Asked about covering Duke and Krzyzewski, who play in Charlotte on Friday night, Hill offered a glimpse of his approach to broadcasting. While he knows Duke better than any other program for obvious reasons, Hill insists on studying and analyzing the Blue Devils in the same way he would any other school.
That, he said, ensures he doesn’t take short cuts. This season, his first college game as an analyst was Duke-Notre Dame.
During his pro career, Hill spent little time watching and following the NCAA tournament. March is when the NBA season is grinding toward its April finish, a time for pro teams to make a last push to land a playoff spot — or improve their seeding. In 2013-14, Hill’s first season out of the NBA, he rediscovered the frantic excitement of the tournament. (Let us avoid the words Cinderella and Big Dance and do our best to limit references to brackets and March Madness. Please.)
Not only did Hill play in three Final Fours — as a senior, his Duke team lost the NCAA title game to Arkansas at Charlotte Coliseum— he also happened to be part of one of the most famous plays in tournament history. In the 1992 NCAA regional finals in Philadelphia, with a Final Four appearance at stake, Kentucky led Duke by one point with 2.1 seconds left in overtime. Hill, the inbounds passer for Duke, hurled a 75-foot pass to teammate Christian Laettner, who grabbed the ball, dribbled and spun before hitting a buzzer-beating jump shot to win the game, 104-103. The play remains an indelible moment, replayed endlessly each year during the tournament.
“The further removed from it (I get), you understand the impact and how iconic a moment that was. What was on the line, the ramifications, the game itself represents the greatness of both teams. I get to relive it now, every year. When I was in the NBA, the NBA consumes you. So now that I’m retired, I feel like I’ve talked more about that game and that play than I had the previous 22 years. It’s pretty cool to have been part of a play that’s been talked about.”
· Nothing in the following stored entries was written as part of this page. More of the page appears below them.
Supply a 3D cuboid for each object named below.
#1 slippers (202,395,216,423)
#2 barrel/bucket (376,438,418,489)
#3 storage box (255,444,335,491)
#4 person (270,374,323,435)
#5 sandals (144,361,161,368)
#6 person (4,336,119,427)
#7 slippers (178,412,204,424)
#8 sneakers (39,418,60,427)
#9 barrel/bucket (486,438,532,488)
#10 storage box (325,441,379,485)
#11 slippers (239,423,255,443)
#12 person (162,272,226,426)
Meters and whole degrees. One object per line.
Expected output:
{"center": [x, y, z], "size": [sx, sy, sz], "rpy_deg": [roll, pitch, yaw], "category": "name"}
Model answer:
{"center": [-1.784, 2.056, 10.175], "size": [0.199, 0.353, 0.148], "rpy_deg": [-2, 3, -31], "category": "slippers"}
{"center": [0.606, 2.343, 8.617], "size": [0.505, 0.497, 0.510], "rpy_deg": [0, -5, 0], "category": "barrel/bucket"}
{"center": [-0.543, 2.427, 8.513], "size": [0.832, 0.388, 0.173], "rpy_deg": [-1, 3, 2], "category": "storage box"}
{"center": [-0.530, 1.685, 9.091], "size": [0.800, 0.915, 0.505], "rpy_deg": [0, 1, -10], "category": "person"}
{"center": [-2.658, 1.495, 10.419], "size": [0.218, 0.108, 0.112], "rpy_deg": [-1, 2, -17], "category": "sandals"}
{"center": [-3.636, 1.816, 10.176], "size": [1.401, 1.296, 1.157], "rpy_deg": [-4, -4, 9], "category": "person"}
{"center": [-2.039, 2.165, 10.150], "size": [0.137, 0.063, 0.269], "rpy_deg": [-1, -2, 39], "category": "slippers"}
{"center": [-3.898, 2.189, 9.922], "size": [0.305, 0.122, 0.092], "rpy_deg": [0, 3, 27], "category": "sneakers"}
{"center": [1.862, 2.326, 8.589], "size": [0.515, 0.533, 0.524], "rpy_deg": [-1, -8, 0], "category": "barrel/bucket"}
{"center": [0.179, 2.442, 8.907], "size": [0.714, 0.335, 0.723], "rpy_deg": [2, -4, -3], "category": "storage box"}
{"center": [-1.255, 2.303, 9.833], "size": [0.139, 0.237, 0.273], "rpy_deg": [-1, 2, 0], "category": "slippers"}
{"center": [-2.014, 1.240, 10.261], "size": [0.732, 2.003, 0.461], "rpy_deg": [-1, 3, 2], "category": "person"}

A reference to a new ESPN documentary, I Hate Christian Laettner, prompts Hill to explain how his former teammate was nothing like his perception as an arrogant pretty boy who never struggled in basketball or anywhere else.
“I was happy that people got a chance to see what we saw — it still didn’t capture it totally,” he said of Laettner. “We were kind of a weird team. We were kids and we did things that were juvenile. We fought all the time. Wrestled, played. We spent a great deal of time on and off the court together. … I’m glad it humanizes him a bit and people can see he’s not the head of the Death Star in Star Wars. He’s actually a real person.”
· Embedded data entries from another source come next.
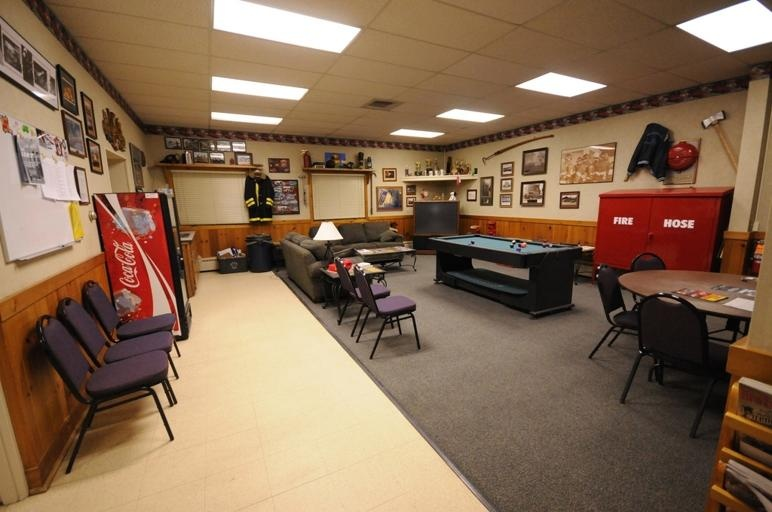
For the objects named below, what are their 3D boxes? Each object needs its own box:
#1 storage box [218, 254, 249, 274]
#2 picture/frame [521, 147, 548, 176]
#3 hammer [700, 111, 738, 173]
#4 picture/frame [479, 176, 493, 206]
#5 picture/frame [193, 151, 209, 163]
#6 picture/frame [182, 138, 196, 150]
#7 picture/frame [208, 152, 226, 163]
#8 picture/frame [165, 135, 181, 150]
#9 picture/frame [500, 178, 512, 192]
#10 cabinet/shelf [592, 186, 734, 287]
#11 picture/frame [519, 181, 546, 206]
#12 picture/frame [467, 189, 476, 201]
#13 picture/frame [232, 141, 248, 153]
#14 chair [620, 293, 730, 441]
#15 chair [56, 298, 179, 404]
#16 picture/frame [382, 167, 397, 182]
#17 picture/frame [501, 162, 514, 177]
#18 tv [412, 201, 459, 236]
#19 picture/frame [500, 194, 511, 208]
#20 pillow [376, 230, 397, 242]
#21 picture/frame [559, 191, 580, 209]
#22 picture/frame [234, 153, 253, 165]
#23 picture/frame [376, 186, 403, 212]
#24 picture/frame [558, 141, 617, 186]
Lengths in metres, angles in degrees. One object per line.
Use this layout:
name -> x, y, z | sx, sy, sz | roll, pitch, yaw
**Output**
storage box -> -3.054, 0.169, 9.246 | 0.429, 0.249, 0.416 | -4, 7, -18
picture/frame -> 2.976, -1.905, 9.223 | 0.050, 0.560, 0.644 | -1, 4, -31
hammer -> 4.848, -1.659, 6.614 | 0.126, 0.886, 0.326 | -11, -17, -37
picture/frame -> 2.297, -1.509, 10.561 | 0.049, 0.705, 0.607 | -5, 12, -24
picture/frame -> -3.644, -1.964, 9.094 | 0.263, 0.178, 0.026 | -3, 11, -24
picture/frame -> -3.842, -2.187, 8.994 | 0.258, 0.212, 0.018 | -2, 13, -21
picture/frame -> -3.382, -1.972, 9.225 | 0.235, 0.197, 0.029 | -11, 22, -14
picture/frame -> -4.093, -2.187, 8.867 | 0.293, 0.243, 0.038 | -5, 20, -29
picture/frame -> 2.601, -1.545, 9.985 | 0.025, 0.262, 0.305 | -6, 13, -29
cabinet/shelf -> 4.040, -0.301, 6.624 | 0.617, 1.417, 1.538 | -3, 5, -32
picture/frame -> 2.990, -1.283, 9.371 | 0.046, 0.455, 0.541 | -6, 11, -33
picture/frame -> 2.054, -1.471, 11.083 | 0.025, 0.232, 0.315 | -1, 5, -24
picture/frame -> -2.975, -2.227, 9.389 | 0.259, 0.176, 0.034 | -4, 18, -28
chair -> 2.865, 1.019, 4.608 | 0.841, 1.359, 0.467 | 7, 13, 32
chair -> -2.728, 0.985, 4.660 | 1.007, 1.273, 0.685 | -4, 20, -8
picture/frame -> 0.068, -2.001, 11.253 | 0.377, 0.309, 0.026 | -3, 15, -28
picture/frame -> 2.599, -1.871, 9.879 | 0.037, 0.308, 0.360 | 1, 2, -26
tv -> 1.146, -0.866, 10.766 | 1.416, 0.993, 0.753 | 1, 9, 2
picture/frame -> 2.606, -1.212, 10.065 | 0.024, 0.271, 0.321 | -3, 5, -26
pillow -> 0.072, -0.440, 10.285 | 0.304, 0.091, 0.277 | 1, 47, 4
picture/frame -> 3.460, -1.063, 8.698 | 0.027, 0.322, 0.377 | 1, 2, -30
picture/frame -> -2.921, -1.996, 9.453 | 0.309, 0.220, 0.030 | -2, 11, -31
picture/frame -> 0.058, -1.431, 11.383 | 0.664, 0.545, 0.046 | -4, 17, -23
picture/frame -> 3.635, -1.672, 8.269 | 0.036, 0.627, 0.931 | -4, 7, -31

The spirit of college basketball remains difficult to duplicate, in Hill’s opinion. And he remains proud to have been part of the Duke-North Carolina rivalry, a hate-hate relationship that occasionally turns civil and even affectionate, as when former Tar Heels coach Dean Smith died in February. Asked about Smith, Hill, like other admirers, talks most about the coach’s sense of social justice, a brave stance for anyone in the South during the years of the Civil Rights movement.
Hill, of course, is known for his erudite intellect. As an NBA rookie, he demonstrated his piano-playing for David Letterman. His personal art collection, including works by Charlotte-born artist Romare Bearden, is notable enough to have been exhibited nationally.
As for the monthlong tournament, Hill said he wants to keep things simple while helping Nantz, Raftery and Wolfson tell the story.
“One of the things I’ve worked hard at is getting lost in the game and getting lost in what’s happening and not thinking about anything else. Just like when you play, you get lost in the game. I think the same thing applies when you’re calling a game.”
Even if some guy named Krzyzewski happens to be coaching.